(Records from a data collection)
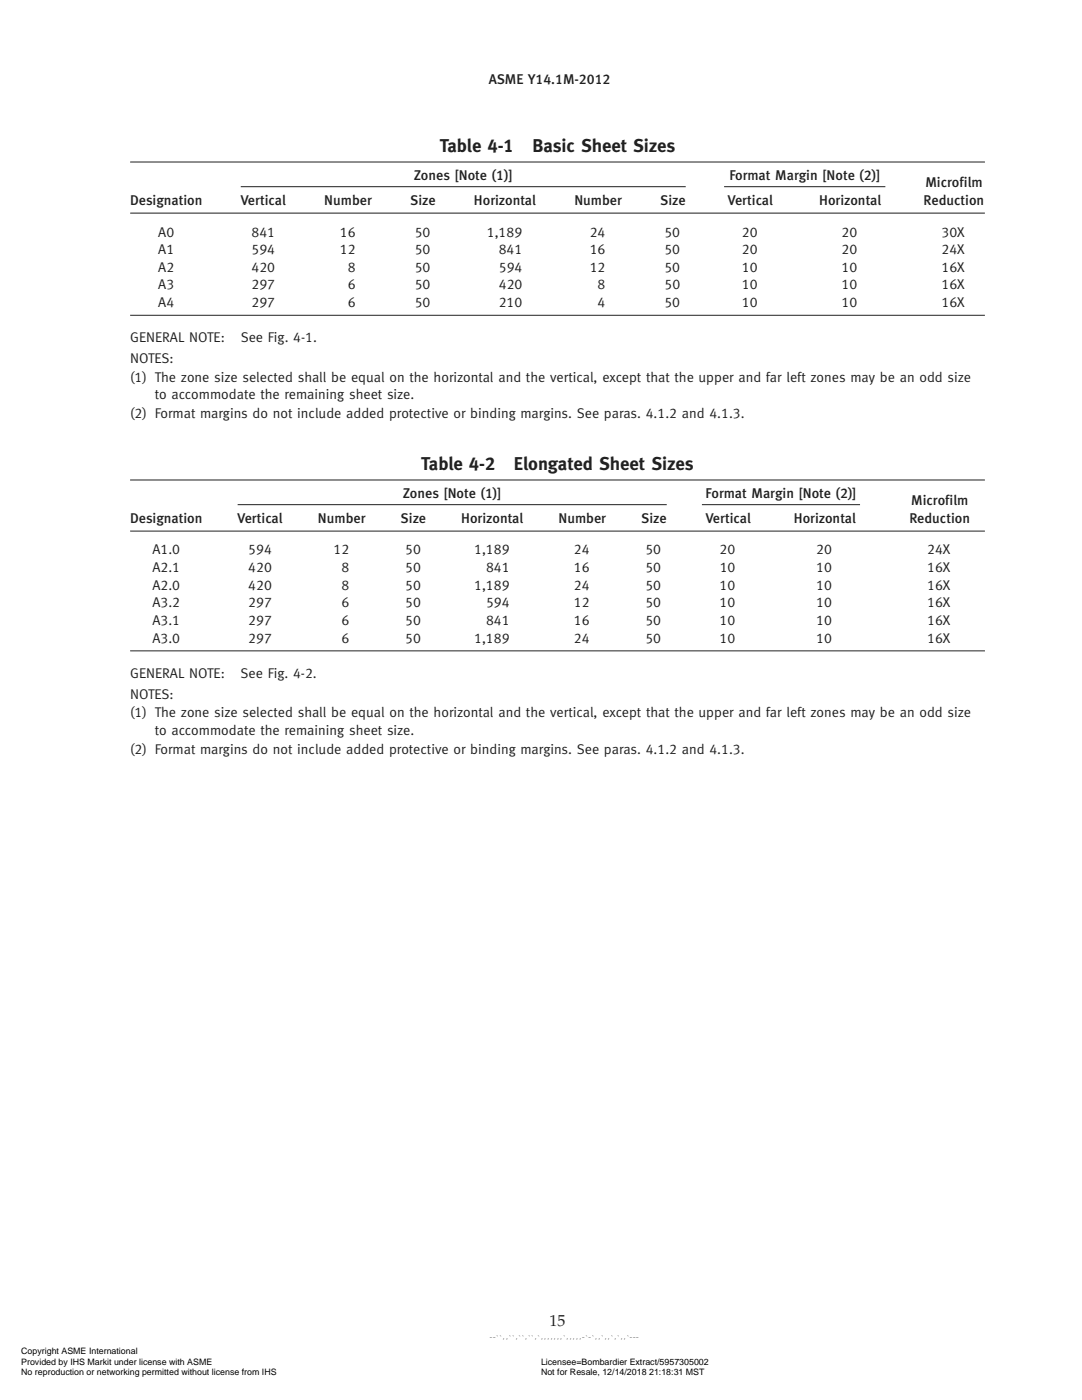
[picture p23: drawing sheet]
<svg xmlns="http://www.w3.org/2000/svg" width="216mm" height="279mm" viewBox="0 0 216 279" stroke-linecap="round" stroke-linejoin="round" font-family="sans-serif">
<defs><g id="words">
<g font-size="3.7" fill="#231f20">
<text x="87.7" y="30.3">Table 4-1</text>
<text x="106.2" y="30.3">Basic Sheet Sizes</text>
<text x="84.1" y="93.8">Table 4-2</text>
<text x="102.5" y="93.8">Elongated Sheet Sizes</text>
</g>
<text font-size="3.2" fill="#231f20" x="109.7" y="264.6">15</text>
<g font-size="2.8" fill="#231f20">
<text x="97.5" y="16.8">ASME Y14.1M-2012</text>
<text x="82.6" y="36">Zones [Note (1)]</text>
<text x="145.5" y="36">Format Margin [Note (2)]</text>
<text x="26" y="40.9">Designation</text>
<text x="48" y="40.9">Vertical</text>
<text x="64.7" y="40.9">Number</text>
<text x="81.8" y="40.9">Size</text>
<text x="94.6" y="40.9">Horizontal</text>
<text x="114.6" y="40.9">Number</text>
<text x="131.7" y="40.9">Size</text>
<text x="145.2" y="40.9">Vertical</text>
<text x="163.5" y="40.9">Horizontal</text>
<text x="184.3" y="40.9">Reduction</text>
<text x="184.7" y="37.4">Microfilm</text>
<text x="31.6" y="47.2">A0</text>
<text x="50.2" y="47.2">841</text>
<text x="67.8" y="47.2">16</text>
<text x="82.7" y="47.2">50</text>
<text x="97.1" y="47.2">1,189</text>
<text x="117.7" y="47.2">24</text>
<text x="132.6" y="47.2">50</text>
<text x="148" y="47.2">20</text>
<text x="167.9" y="47.2">20</text>
<text x="187.9" y="47.2">30X</text>
<text x="31.6" y="50.7">A1</text>
<text x="50.2" y="50.7">594</text>
<text x="67.8" y="50.7">12</text>
<text x="82.7" y="50.7">50</text>
<text x="99.5" y="50.7">841</text>
<text x="117.7" y="50.7">16</text>
<text x="132.6" y="50.7">50</text>
<text x="148" y="50.7">20</text>
<text x="167.9" y="50.7">20</text>
<text x="187.9" y="50.7">24X</text>
<text x="31.6" y="54.2">A2</text>
<text x="31.6" y="57.8">A3</text>
<text x="50.2" y="54.2">420</text>
<text x="50.2" y="57.8">297</text>
<text x="69.4" y="54.2">8</text>
<text x="69.4" y="57.8">6</text>
<text x="82.8" y="54.2">50</text>
<text x="82.8" y="57.8">50</text>
<text x="99.5" y="54.2">594</text>
<text x="99.5" y="57.8">420</text>
<text x="117.7" y="54.2">12</text>
<text x="119.3" y="57.8">8</text>
<text x="132.6" y="54.2">50</text>
<text x="132.6" y="57.8">50</text>
<text x="148" y="54.2">10</text>
<text x="148" y="57.8">10</text>
<text x="167.9" y="57.8">10</text>
<text x="167.9" y="54.2">10</text>
<text x="187.9" y="57.8">16X</text>
<text x="187.9" y="54.2">16X</text>
<text x="31.6" y="61.3">A4</text>
<text x="50.2" y="61.3">297</text>
<text x="69.4" y="61.3">6</text>
<text x="82.7" y="61.3">50</text>
<text x="99.5" y="61.3">210</text>
<text x="119.2" y="61.3">4</text>
<text x="132.6" y="61.3">50</text>
<text x="148" y="61.3">10</text>
<text x="167.9" y="61.3">10</text>
<text x="187.9" y="61.3">16X</text>
<text x="26" y="68.3">GENERAL NOTE:</text>
<text x="48" y="68.3">See Fig. 4-1.</text>
<text x="26" y="72.5">NOTES:</text>
<text x="26" y="76.2">(1) The zone size selected shall be equal on the horizontal and the vertical, except that the upper and far left zones may be an odd size</text>
<text x="26" y="83.4">(2) Format margins do not include added protective or binding margins. See paras. 4.1.2 and 4.1.3.</text>
<text x="30.9" y="79.7">to accommodate the remaining sheet size.</text>
<text x="80.4" y="99.4">Zones [Note (1)]</text>
<text x="140.8" y="99.4">Format Margin [Note (2)]</text>
<text x="181.8" y="100.8">Microfilm</text>
<text x="26" y="104.3">Designation</text>
<text x="47.4" y="104.3">Vertical</text>
<text x="63.4" y="104.3">Number</text>
<text x="79.9" y="104.3">Size</text>
<text x="92" y="104.3">Horizontal</text>
<text x="111.5" y="104.3">Number</text>
<text x="127.9" y="104.3">Size</text>
<text x="140.8" y="104.3">Vertical</text>
<text x="158.4" y="104.3">Horizontal</text>
<text x="181.5" y="104.3">Reduction</text>
<text x="30.4" y="110.7">A1.0</text>
<text x="49.6" y="110.7">594</text>
<text x="66.6" y="110.7">12</text>
<text x="80.9" y="110.7">50</text>
<text x="94.6" y="110.7">1,189</text>
<text x="114.5" y="110.7">24</text>
<text x="128.8" y="110.7">50</text>
<text x="143.6" y="110.7">20</text>
<text x="162.9" y="110.7">20</text>
<text x="185" y="110.7">24X</text>
<text x="30.4" y="117.7">A2.0</text>
<text x="30.4" y="114.2">A2.1</text>
<text x="49.5" y="117.7">420</text>
<text x="49.6" y="114.2">420</text>
<text x="68.1" y="117.7">8</text>
<text x="68.2" y="114.2">8</text>
<text x="80.9" y="117.7">50</text>
<text x="80.9" y="114.2">50</text>
<text x="94.6" y="117.7">1,189</text>
<text x="97" y="114.2">841</text>
<text x="114.5" y="117.7">24</text>
<text x="114.5" y="114.2">16</text>
<text x="128.8" y="117.7">50</text>
<text x="128.8" y="114.2">50</text>
<text x="143.6" y="117.7">10</text>
<text x="143.6" y="114.2">10</text>
<text x="162.9" y="117.7">10</text>
<text x="162.9" y="114.2">10</text>
<text x="185" y="117.7">16X</text>
<text x="185" y="114.2">16X</text>
<text x="30.4" y="121.2">A3.2</text>
<text x="30.4" y="124.7">A3.1</text>
<text x="49.5" y="121.2">297</text>
<text x="49.5" y="124.7">297</text>
<text x="68.1" y="121.2">6</text>
<text x="68.1" y="124.7">6</text>
<text x="80.9" y="121.2">50</text>
<text x="80.9" y="124.7">50</text>
<text x="97" y="121.2">594</text>
<text x="97" y="124.7">841</text>
<text x="114.5" y="121.2">12</text>
<text x="114.5" y="124.7">16</text>
<text x="128.8" y="121.2">50</text>
<text x="128.8" y="124.7">50</text>
<text x="143.6" y="121.2">10</text>
<text x="143.6" y="124.7">10</text>
<text x="162.9" y="121.2">10</text>
<text x="162.9" y="124.7">10</text>
<text x="185" y="121.2">16X</text>
<text x="185" y="124.7">16X</text>
<text x="30.4" y="128.2">A3.0</text>
<text x="49.5" y="128.2">297</text>
<text x="68.1" y="128.2">6</text>
<text x="80.9" y="128.2">50</text>
<text x="94.6" y="128.2">1,189</text>
<text x="114.5" y="128.2">24</text>
<text x="128.8" y="128.2">50</text>
<text x="143.6" y="128.2">10</text>
<text x="162.9" y="128.2">10</text>
<text x="185" y="128.2">16X</text>
<text x="26" y="135.3">GENERAL NOTE:</text>
<text x="48" y="135.3">See Fig. 4-2.</text>
<text x="26" y="139.5">NOTES:</text>
<text x="26" y="143.2">(1) The zone size selected shall be equal on the horizontal and the vertical, except that the upper and far left zones may be an odd size</text>
<text x="30.9" y="146.7">to accommodate the remaining sheet size.</text>
<text x="26" y="150.4">(2) Format margins do not include added protective or binding margins. See paras. 4.1.2 and 4.1.3.</text>
</g>
<g font-size="1.8">
<text x="4.2" y="270.2">Copyright ASME International</text>
<text x="4.2" y="272.3">Provided by IHS Markit under license with ASME</text>
<text x="4.2" y="274.5">No reproduction or networking permitted without license from IHS</text>
<text x="107.9" y="272.3">Licensee=Bombardier Extract/5957305002</text>
<text x="107.9" y="274.5">Not for Resale, 12/14/2018 21:18:31 MST</text>
</g>
<text font-size="1.1" x="97.7" y="267.2">--``,,``,``,``,`,,,,,,,`,,,,,-`-`,,`,,`,`,,`---</text>
</g></defs>
<path d="M26 32.3h170.5M48 37.3h88.8M144.5 37.3h32.2M26 42.5h170.5M26 62.9h170.5M26 95.8h170.5M26 106h170.5M47.4 100.7h85.6M140.1 100.7h31.5M26 129.9h170.5" fill="none" stroke="#231f20" stroke-width=".2"/>
<g fill="#fff">
<path d="M3.7 268.8v2z"/>
<path d="M3.7 270.9v2z"/>
<path d="M107.4 268.8v2z"/>
<path d="M107.4 270.9v2z"/>
<path d="M107.4 273v2z"/>
<path d="M3.7 273v2z"/>
<path d="M97.4 266.4v1.1z"/>
</g>
<use href="#words"/>
</svg>

- _Problem requirements_: In the records above, how many lines hold "except"? Only the number is wanted.

- _Task answer_: 2